False Security Reports—Employees in receipt of information about system vulnerabilities must forward it to the Information Technology Security manager, who then will determine what if any action is appropriate. Employees must not personally redistribute system vulnerability information to other users.
Testing Controls—Employees must not test or probe security mechanisms at either Misericordia University or other Internet sites unless they have obtained written permission from the Information Technology Security manager. The possession or the usage of tools for detecting information system vulnerabilities, or tools for compromising information security mechanisms, are prohibited without the advance permission of the Information Technology Security manager.
Controls— Every employee who has access to Misericordia University information or information systems has an important information security role in the organization. For example, each one of these employees is personally responsible for the protection of information that has been entrusted to their care. All employees who come into contact with sensitive Misericordia University internal information are expected to familiarize themselves with these data classification levels and to consistently use these same ideas in their daily Misericordia University business activities.

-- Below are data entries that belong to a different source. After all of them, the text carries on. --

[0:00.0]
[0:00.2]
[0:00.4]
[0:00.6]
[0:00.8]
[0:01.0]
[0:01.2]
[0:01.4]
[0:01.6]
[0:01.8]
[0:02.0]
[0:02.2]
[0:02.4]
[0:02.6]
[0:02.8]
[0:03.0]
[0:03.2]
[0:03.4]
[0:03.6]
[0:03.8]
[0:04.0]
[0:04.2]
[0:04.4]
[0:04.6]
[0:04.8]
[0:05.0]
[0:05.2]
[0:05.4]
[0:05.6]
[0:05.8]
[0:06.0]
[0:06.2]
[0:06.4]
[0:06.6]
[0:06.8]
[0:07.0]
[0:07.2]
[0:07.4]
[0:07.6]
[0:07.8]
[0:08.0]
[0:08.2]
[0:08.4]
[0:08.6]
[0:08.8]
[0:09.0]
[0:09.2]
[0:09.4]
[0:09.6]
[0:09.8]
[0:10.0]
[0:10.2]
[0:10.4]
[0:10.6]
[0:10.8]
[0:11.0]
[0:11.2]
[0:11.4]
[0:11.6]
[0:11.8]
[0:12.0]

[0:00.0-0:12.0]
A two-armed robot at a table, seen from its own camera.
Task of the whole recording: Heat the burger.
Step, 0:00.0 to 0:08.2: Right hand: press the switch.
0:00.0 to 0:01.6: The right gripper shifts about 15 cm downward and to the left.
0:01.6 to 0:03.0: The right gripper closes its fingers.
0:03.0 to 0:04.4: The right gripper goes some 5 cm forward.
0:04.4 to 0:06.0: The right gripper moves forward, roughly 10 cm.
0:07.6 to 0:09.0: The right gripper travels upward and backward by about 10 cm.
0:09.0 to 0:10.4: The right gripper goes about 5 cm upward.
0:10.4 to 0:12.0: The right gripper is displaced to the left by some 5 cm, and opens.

Sensitive information is either Confidential or Critical information, and both are defined later in this document. Employees should treat all information as though it has a data classification level. The following classification levels as used:
CONFIDENTIAL or CRITICAL—This classification label applies to sensitive business information that is intended for use within Misericordia University. Its unauthorized disclosure could adversely impact Misericordia University or its customers, suppliers, business partners, or employees. Information that some people would consider to be private is included in this classification. Examples include employee performance evaluations, customer transaction data, strategic alliance agreements, unpublished internally-generated market research, computer passwords, identity token personal identification numbers, and internal audit reports.

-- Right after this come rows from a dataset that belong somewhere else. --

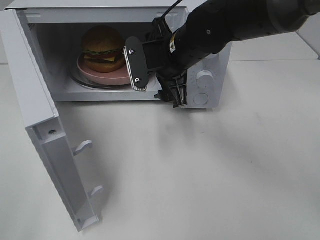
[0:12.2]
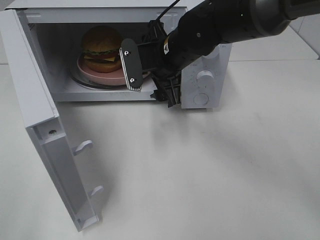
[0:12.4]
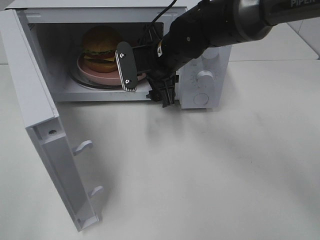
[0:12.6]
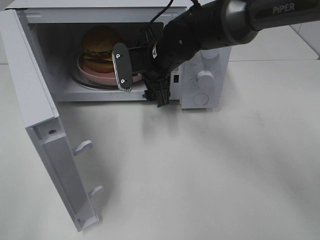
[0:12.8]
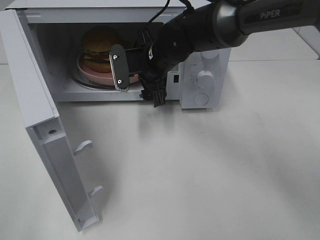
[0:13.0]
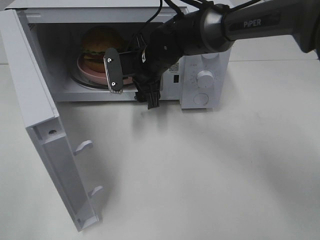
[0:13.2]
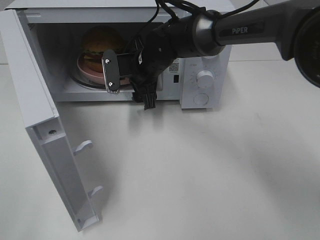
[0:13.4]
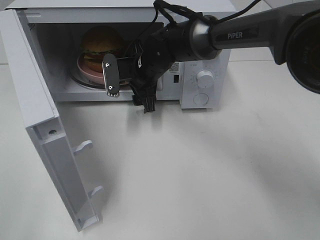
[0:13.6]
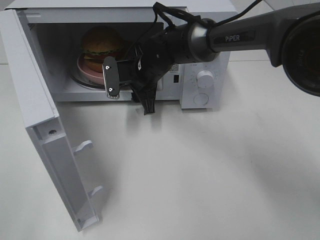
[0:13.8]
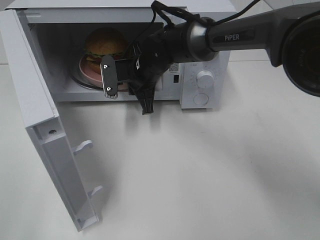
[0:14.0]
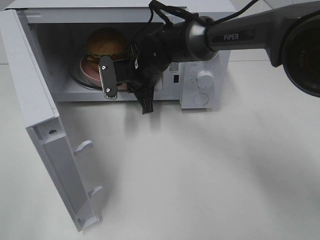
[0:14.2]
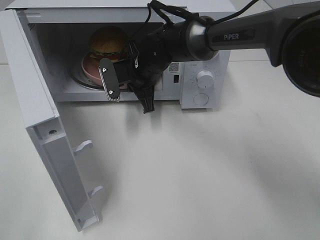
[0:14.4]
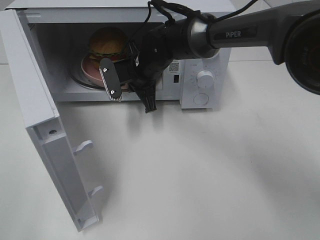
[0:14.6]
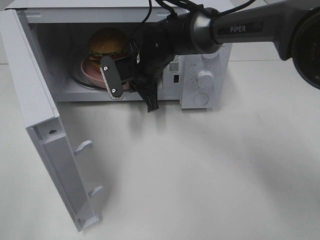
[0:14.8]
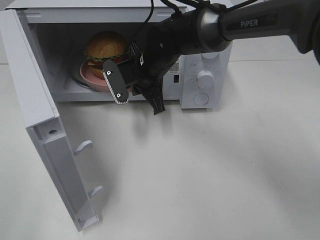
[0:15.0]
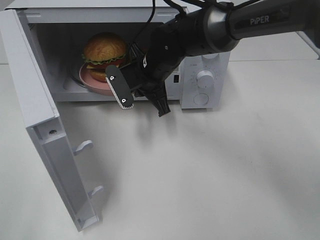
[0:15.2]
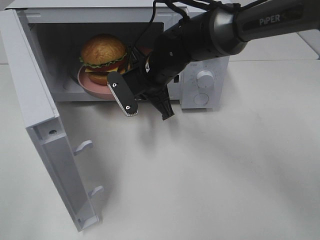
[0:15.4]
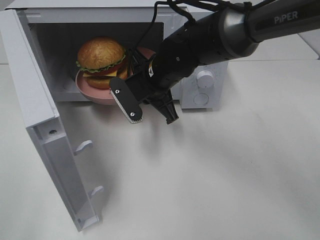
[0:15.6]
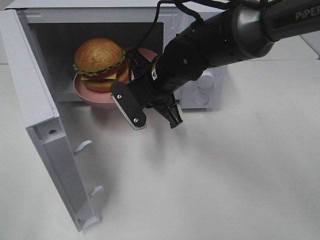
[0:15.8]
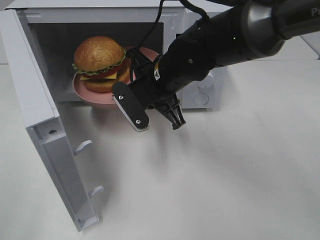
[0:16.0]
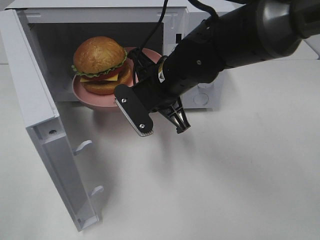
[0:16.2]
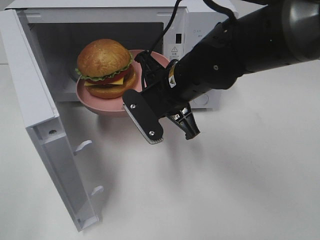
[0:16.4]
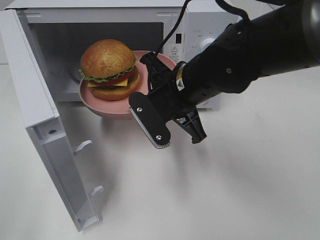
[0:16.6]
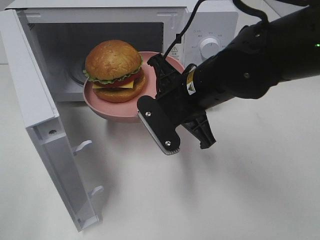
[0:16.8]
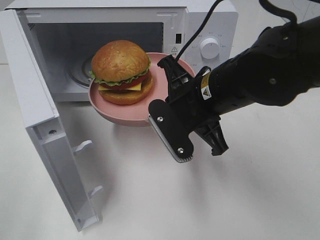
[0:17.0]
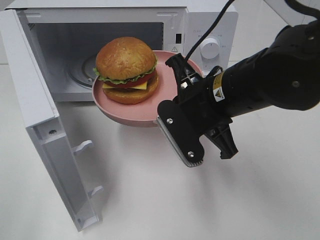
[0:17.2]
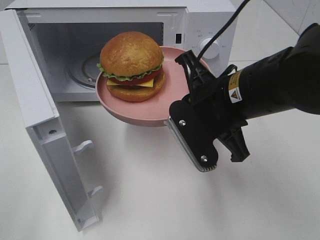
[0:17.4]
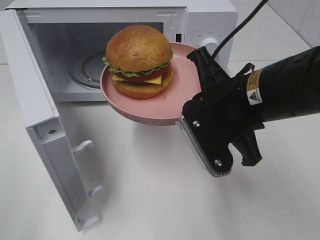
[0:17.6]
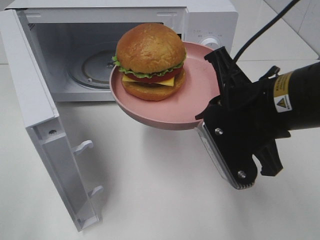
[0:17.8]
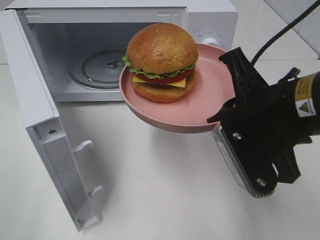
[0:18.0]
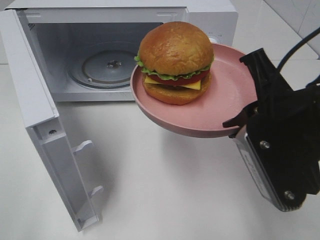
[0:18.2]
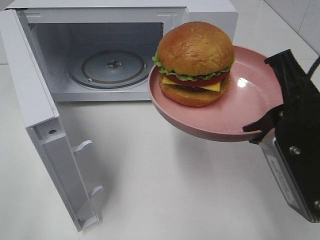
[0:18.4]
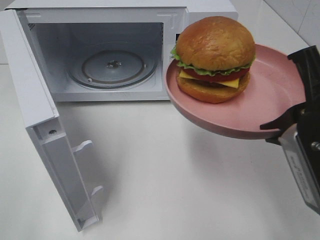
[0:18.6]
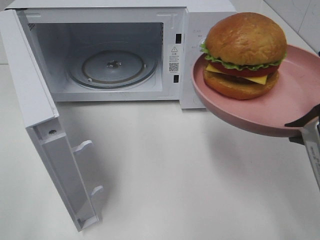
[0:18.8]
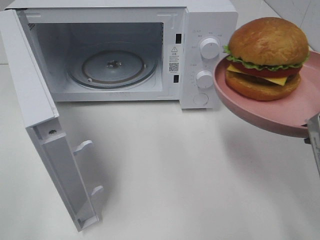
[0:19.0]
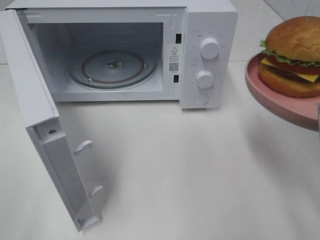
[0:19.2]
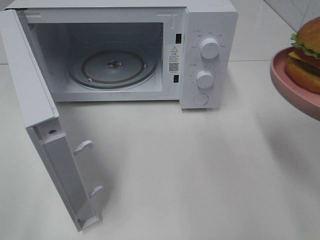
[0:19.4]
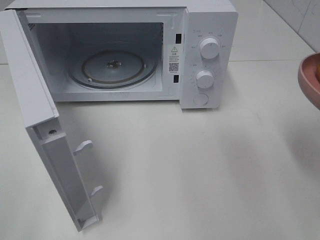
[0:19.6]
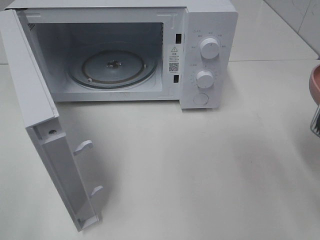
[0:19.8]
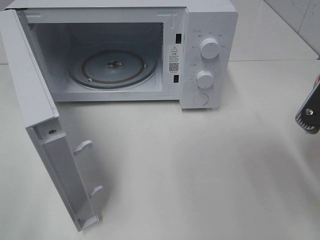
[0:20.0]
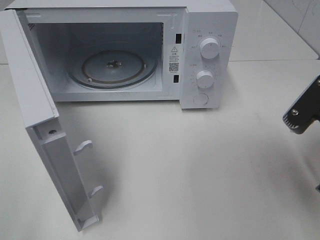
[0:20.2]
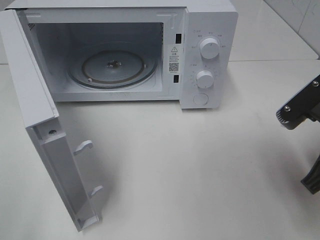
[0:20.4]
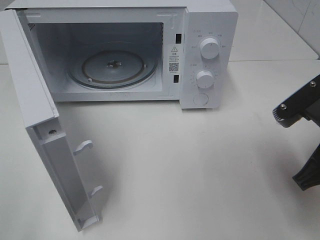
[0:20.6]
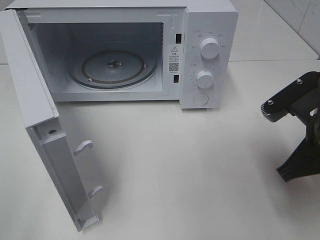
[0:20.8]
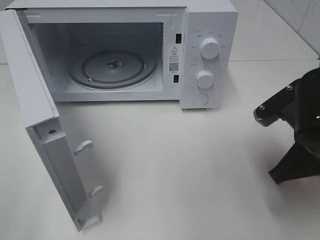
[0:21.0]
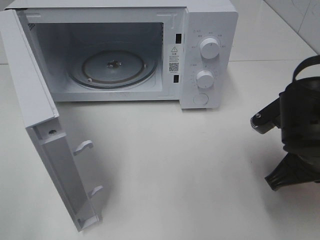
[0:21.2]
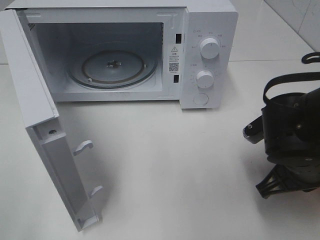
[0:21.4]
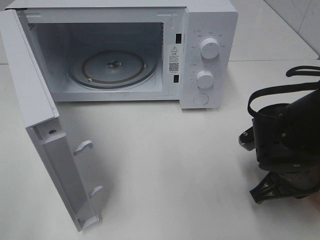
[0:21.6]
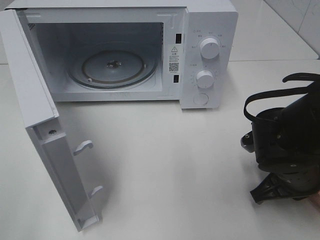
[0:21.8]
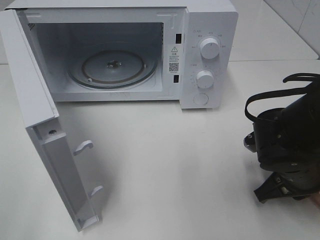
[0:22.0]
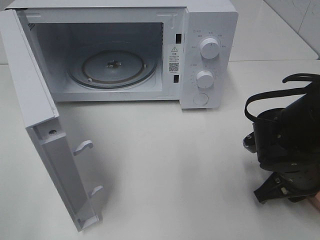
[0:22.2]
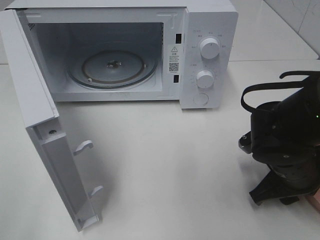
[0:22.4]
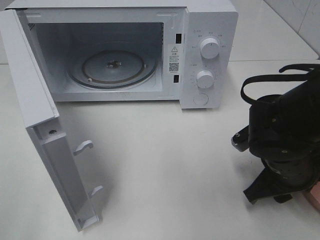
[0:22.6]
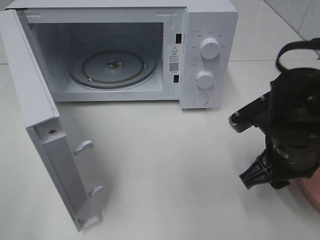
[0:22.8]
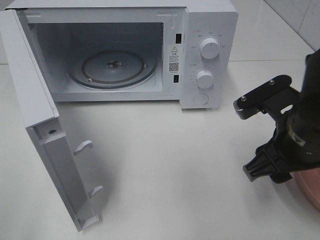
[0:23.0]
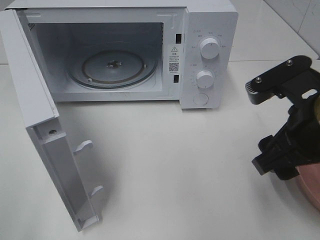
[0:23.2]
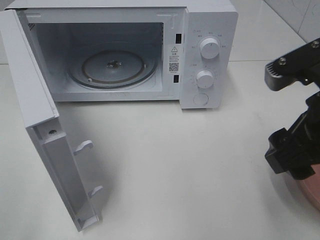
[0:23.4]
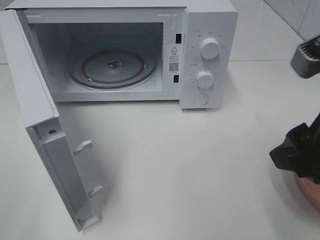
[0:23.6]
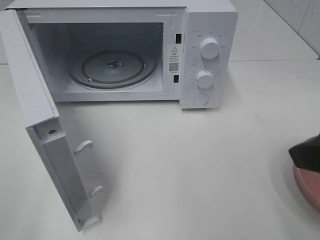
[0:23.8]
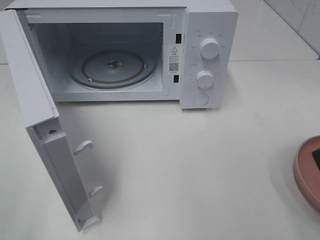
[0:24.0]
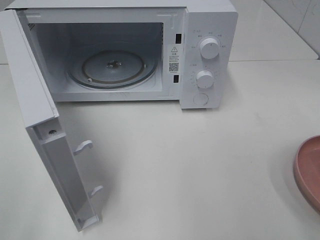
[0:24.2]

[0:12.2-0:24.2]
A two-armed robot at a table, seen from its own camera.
Task of the whole recording: Heat the burger.
Step, 0:12.2 to 0:14.2: Right hand: grab the plate with the hamburger.
Step, 0:14.4 to 0:22.6: Right hand: place the plate on the table.
0:12.2 to 0:13.8: The right gripper is displaced downward, forward and to the left by roughly 10 cm, and closes its fingers.
0:13.8 to 0:15.2: The right gripper closes up.
0:15.2 to 0:16.6: The right gripper travels backward by roughly 10 cm.
0:16.6 to 0:18.2: The right gripper heads backward, to the right and upward, covering approximately 20 cm.
0:18.2 to 0:19.8: The right gripper travels to the right by about 10 cm.
0:19.8 to 0:21.2: The right gripper moves downward and forward, some 10 cm.
0:21.2 to 0:22.6: The right gripper opens up.
0:22.6 to 0:24.2: The right gripper heads upward and backward, covering roughly 25 cm.

FOR INTERNAL USE ONLY—This classification label applies to all other information that does not clearly fit into the other two classifications. While its unauthorized disclosure is against policy, it is not expected to seriously or adversely impact Misericordia University or its employees, suppliers, business partners, or its customers. Examples include the Misericordia University telephone directory, dial-up computer access numbers, new employee training materials, and internal policy manuals.
PUBLIC—This classification applies to information that has been approved by Misericordia University management for release to the public. By definition, there is no such thing as unauthorized disclosure of this information and it may be disseminated without potential harm. Examples include product and service brochures, advertisements, job opening announcements, and press releases.